While the court didn’t comment on the incidence, jurors said that that lawmakers did have scientific backing for their decision to impose the curfew.
The regulations “weren’t pulled out of thin air”, they said in the ruling.
When a decision is made on an urgent petition in the constitutional court, judges must do what’s known as a “weighing of consequences”. In it, they decide which would be worse: to make an urgent decision against the challenge, and then later overturn it in their main decision, or visa versa.
In this case, stopping the night-time curfew now, only to decide that it was constitutional later, would pose “considerable risk” to the general population, the court decided.

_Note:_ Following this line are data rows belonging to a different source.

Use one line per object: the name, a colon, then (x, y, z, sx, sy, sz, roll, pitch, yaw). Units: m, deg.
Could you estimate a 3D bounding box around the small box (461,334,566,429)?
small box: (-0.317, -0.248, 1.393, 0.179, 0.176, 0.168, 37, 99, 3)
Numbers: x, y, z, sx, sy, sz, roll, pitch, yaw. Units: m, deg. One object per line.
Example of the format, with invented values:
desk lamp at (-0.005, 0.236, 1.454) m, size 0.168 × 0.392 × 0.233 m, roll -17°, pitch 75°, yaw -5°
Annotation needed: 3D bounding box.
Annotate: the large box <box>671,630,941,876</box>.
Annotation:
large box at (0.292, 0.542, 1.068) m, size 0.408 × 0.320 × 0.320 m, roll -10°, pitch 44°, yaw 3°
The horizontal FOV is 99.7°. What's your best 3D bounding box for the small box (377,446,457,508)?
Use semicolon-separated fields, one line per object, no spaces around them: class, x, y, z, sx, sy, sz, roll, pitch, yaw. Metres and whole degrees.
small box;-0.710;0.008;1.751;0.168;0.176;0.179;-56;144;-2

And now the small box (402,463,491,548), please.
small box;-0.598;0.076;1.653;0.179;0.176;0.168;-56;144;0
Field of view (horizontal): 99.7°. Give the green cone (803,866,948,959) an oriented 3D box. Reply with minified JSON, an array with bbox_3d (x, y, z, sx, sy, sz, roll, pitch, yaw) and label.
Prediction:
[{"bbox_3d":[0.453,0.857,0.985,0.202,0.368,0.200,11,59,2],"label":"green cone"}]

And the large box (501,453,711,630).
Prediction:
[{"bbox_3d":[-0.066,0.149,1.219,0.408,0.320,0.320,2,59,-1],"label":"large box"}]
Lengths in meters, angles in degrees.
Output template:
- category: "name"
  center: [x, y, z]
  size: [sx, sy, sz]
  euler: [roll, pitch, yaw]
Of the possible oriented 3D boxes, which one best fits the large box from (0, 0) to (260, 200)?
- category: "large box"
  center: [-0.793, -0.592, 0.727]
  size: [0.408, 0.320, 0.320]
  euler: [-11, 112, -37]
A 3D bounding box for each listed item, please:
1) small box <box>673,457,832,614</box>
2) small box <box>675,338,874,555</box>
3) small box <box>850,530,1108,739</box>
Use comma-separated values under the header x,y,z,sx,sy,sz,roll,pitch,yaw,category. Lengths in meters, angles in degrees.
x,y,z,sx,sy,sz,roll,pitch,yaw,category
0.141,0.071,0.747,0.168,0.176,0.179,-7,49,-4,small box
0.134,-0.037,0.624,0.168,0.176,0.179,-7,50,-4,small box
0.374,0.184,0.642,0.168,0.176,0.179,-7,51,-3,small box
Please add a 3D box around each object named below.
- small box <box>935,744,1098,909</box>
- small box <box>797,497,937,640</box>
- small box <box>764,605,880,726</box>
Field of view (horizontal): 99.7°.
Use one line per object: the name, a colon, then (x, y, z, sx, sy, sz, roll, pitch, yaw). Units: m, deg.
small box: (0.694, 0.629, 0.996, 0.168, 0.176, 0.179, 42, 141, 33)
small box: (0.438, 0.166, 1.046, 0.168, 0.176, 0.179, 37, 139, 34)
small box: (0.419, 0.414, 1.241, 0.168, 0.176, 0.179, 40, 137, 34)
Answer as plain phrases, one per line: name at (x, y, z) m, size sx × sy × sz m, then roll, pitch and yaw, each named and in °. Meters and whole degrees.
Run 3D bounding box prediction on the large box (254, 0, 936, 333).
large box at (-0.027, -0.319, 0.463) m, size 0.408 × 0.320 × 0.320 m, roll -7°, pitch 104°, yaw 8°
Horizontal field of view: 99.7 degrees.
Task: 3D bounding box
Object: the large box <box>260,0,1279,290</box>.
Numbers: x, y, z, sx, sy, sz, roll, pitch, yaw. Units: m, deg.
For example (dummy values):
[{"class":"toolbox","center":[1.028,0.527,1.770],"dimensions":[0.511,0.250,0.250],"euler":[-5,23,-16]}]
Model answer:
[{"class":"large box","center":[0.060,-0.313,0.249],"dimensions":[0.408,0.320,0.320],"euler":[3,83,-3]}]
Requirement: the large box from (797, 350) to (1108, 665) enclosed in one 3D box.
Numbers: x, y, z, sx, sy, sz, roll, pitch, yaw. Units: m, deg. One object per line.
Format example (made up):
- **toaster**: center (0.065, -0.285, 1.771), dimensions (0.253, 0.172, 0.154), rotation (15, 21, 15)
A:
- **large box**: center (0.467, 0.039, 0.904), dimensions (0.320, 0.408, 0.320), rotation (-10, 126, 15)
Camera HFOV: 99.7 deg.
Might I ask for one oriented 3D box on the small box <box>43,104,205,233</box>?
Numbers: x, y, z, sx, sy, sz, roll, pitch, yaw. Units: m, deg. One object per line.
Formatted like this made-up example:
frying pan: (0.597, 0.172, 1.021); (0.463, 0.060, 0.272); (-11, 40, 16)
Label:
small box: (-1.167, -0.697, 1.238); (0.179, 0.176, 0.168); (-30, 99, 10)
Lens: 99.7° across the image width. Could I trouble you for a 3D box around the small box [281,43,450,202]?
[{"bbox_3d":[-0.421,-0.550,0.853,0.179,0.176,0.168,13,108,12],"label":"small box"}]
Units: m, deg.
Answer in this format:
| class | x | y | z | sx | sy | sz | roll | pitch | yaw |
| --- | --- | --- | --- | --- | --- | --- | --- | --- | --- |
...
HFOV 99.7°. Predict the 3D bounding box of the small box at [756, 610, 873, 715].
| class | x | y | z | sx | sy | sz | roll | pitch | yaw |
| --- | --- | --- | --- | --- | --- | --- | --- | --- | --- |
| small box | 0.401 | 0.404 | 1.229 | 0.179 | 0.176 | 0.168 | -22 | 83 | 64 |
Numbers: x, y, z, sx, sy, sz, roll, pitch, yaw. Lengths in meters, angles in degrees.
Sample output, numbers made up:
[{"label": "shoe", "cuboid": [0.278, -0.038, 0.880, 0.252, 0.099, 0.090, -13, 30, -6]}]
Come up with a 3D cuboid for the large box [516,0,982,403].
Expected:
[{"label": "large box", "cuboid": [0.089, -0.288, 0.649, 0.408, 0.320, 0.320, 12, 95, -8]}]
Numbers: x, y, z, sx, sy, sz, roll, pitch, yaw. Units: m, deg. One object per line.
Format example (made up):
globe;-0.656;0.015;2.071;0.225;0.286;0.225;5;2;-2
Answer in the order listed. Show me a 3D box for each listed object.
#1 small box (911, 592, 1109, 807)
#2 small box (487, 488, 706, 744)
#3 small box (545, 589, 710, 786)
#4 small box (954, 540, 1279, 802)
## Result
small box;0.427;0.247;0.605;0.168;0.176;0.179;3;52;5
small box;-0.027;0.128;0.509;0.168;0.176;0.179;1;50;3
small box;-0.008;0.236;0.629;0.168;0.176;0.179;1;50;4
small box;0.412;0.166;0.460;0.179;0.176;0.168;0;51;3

There is some hope for the challengers, however, since the court has yet to decide whether the curfew can still be imposed on people who “can be presumed to be immunised” – in other words, anyone who is vaccinated against or has recovered from Covid-19.
But since the federal government is already planning on easing contact restrictions – including the curfew – for this group of people, this is unlikely to make a major difference to the law.
Furthermore, as Covid infections are falling in many places, the curfew will be lifted in parts of Germany soon.
Throughout the Covid-19 pandemic, courts in Germany have been asked to make key decisions on the fundamental rights and freedoms of citizens – and often with little time to do so.
Alongside legal challenges from the FDP and members of the Social Democratic Party (SDP), the court in Karlsruhe has also received numerous petitions from citizens opposed to the emergency brake measures in recent weeks. According to Die Zeit, the court has been pummelled by around 280 constitutional complaints since the new law came into force two weeks ago.
These legal challenges to lockdown rules have occasionally been successful.
Last October, a Berlin court ruled in favour of a group of hospitality business owners to overturn the closing of bars and restaurants in the city between 11pm and 6pm. At the time, the court argued that the restrictions were a “disproportionate encroachment on the freedom” of the hospitality industry.